Following the Ancestors’ Laws. Traditional Erzya wedding in the Republic of Mordovia

The Erzya wedding is interesting and distinctive in its way of combining elements of two cultures: pagan and Orthodox. The description of the wedding ceremony was written down by researchers from the words of the women of the village of Podlesnaya Tavla in Mordovia who got married according to the traditions of the Erzya wedding.

Choosing a bride and matchmaking

Before a wedding takes place, various preparations need to be performed, such as preliminary matchmaking, engagement, matchmaking itself, gifts preparation, maiden’s bath, bride’s porridge, farewell to home, baking pies.

Once the decision on the wedding is made, praying starts in the groom’s family. Each family has its own ancestral candle to be put on the table alongside bread and salt during the praying. Every family member participates in praying and appeals to Vere Paz (the Almighty God), Kudon Kirdi (the Keeper of the House), and the deceased ancestors with a request to help them fulfill their plans. During the praying, a “forward-goer” is appointed to negotiate with the bride’s parents.

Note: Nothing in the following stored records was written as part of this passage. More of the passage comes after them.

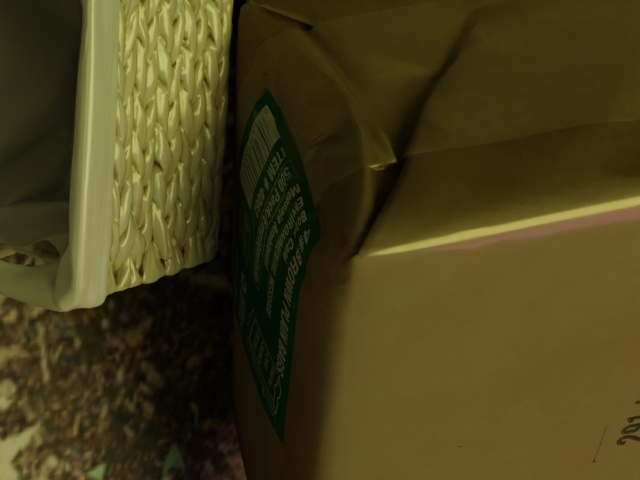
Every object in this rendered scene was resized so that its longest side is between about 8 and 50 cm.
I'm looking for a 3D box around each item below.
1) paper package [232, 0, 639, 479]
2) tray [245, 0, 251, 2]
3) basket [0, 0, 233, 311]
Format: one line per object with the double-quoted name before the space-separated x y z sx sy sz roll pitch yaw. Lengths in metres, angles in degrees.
"paper package" 0.112 0.027 0.787 0.310 0.168 0.325 -12 141 -16
"tray" 0.048 -0.171 0.913 0.270 0.030 0.145 -47 136 -31
"basket" -0.111 -0.064 0.688 0.103 0.113 0.167 -12 112 -53

The forward-goer can go to the fence of the bride’s house at night and leave bread and a whip there. If the bride’s parents take them home early in the morning, it means that they are ready to negotiate. If the gifts remain untouched, it means that the bride’s parents are not yet ready to give their daughter in marriage. 

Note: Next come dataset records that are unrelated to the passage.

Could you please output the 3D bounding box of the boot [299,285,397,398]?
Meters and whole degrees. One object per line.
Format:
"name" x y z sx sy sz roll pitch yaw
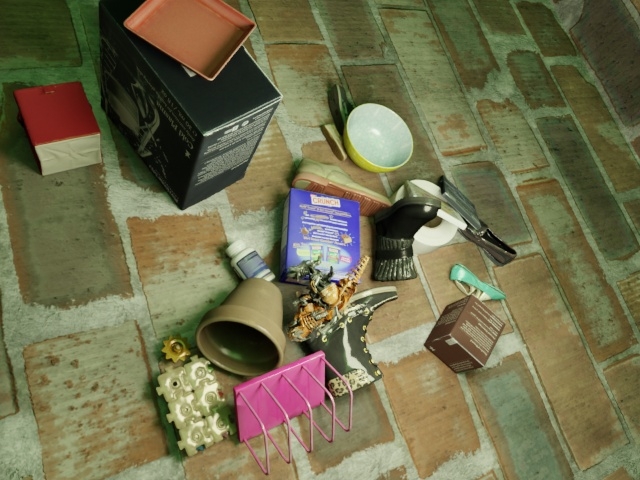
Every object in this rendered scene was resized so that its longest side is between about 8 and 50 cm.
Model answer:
"boot" 0.132 0.324 1.640 0.377 0.138 0.284 -18 75 -24

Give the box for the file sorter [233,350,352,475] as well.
"file sorter" -0.071 0.489 1.404 0.291 0.202 0.182 -16 31 -29

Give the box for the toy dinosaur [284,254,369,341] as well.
"toy dinosaur" 0.019 0.168 1.511 0.322 0.164 0.218 -27 41 -12

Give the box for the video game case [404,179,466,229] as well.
"video game case" 0.423 -0.136 1.840 0.227 0.026 0.206 28 20 -9

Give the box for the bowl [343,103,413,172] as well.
"bowl" 0.203 -0.376 1.962 0.289 0.156 0.289 9 66 -20

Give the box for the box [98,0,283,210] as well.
"box" -0.425 -0.433 1.543 0.297 0.472 0.480 -36 85 -30

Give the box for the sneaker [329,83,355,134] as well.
"sneaker" 0.112 -0.537 2.048 0.118 0.083 0.222 -6 79 -30

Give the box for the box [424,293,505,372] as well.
"box" 0.517 0.335 1.778 0.167 0.168 0.203 42 59 -2

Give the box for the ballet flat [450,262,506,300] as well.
"ballet flat" 0.608 0.187 1.944 0.247 0.083 0.087 32 84 -7

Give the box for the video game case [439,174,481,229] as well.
"video game case" 0.557 -0.158 1.991 0.196 0.026 0.274 42 22 -6

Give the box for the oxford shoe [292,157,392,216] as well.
"oxford shoe" 0.096 -0.206 1.859 0.397 0.140 0.146 20 57 -15

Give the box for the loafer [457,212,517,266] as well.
"loafer" 0.682 -0.023 2.044 0.302 0.095 0.109 43 58 -1

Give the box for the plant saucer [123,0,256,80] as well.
"plant saucer" -0.344 -0.566 1.333 0.258 0.048 0.259 31 62 -8

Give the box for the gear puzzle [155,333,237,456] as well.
"gear puzzle" -0.381 0.434 1.435 0.175 0.044 0.339 -18 77 -35

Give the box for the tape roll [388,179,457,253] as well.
"tape roll" 0.398 -0.093 1.956 0.286 0.100 0.286 9 64 -19

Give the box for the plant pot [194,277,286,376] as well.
"plant pot" -0.210 0.239 1.489 0.263 0.263 0.229 29 41 -9

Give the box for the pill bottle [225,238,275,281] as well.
"pill bottle" -0.233 0.082 1.619 0.094 0.094 0.169 -35 85 -31

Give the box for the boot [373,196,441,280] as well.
"boot" 0.297 0.007 1.710 0.131 0.348 0.260 6 75 -21

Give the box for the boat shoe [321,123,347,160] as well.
"boat shoe" 0.069 -0.395 1.970 0.059 0.063 0.170 -23 78 -23

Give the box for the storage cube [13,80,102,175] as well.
"storage cube" -0.794 -0.342 1.518 0.215 0.183 0.193 -19 77 -28

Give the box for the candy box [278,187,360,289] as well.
"candy box" 0.000 0.000 1.737 0.268 0.122 0.317 10 66 -17

Sometimes, the forward-goer goes immediately to the bride’s parents, taking with him “shumbra kshi” (bread for health), a rolling pin, and a pan gripper to scare away evil spirits. After some time, the day of the official matchmaking is appointed. Before the matchmaking day, praying in the groom’s house commences again. On this day, the matchmakers take bread, salt, fish, and home brew with them, perform amulet rituals (putting a coin under the heel, sticking needles in homespun coats), and go to the bride’s house. The groom does not participate in the matchmaking. With the bride’s price and dowry settled, the groom’s and bride’s parents shake their hands to make a wedding deal. They call for the bride and tell her about the upcoming wedding. The bride begins to wail and cry. If she doesn’t know how to do it, a special keener is invited.

Preparing for the wedding

Senior females of the village of Podlesnaya Tavla recall that this leg of the ceremony consists of the rite of the betrothal, viewing of the bride, viewing of the groom’s house, purchasing of gifts, appointing of the wedding day, the day of porridge, stuffing of the chest, and a maiden’s bath. All this can last from a week to six months.

Wedding

The wedding day starts early at dawn. A special kurnik pie is baked in the groom’s house to be decorated with twigs and ribbons. In the morning of the same day, the groom goes to the bathhouse, takes a shower, and puts on his wedding clothes. The bride meets her female friends who come to take her to a neighbor’s house to protect her from the “evil eye”. In the morning, this neighbor cooks millet porridge and feeds all the girls. Then, the bride puts on her wedding clothes in front of the stove, with her friends braiding her hair. After that, they lead the bride back to her parent’s house along the laid straw, not letting her thus step on the ground.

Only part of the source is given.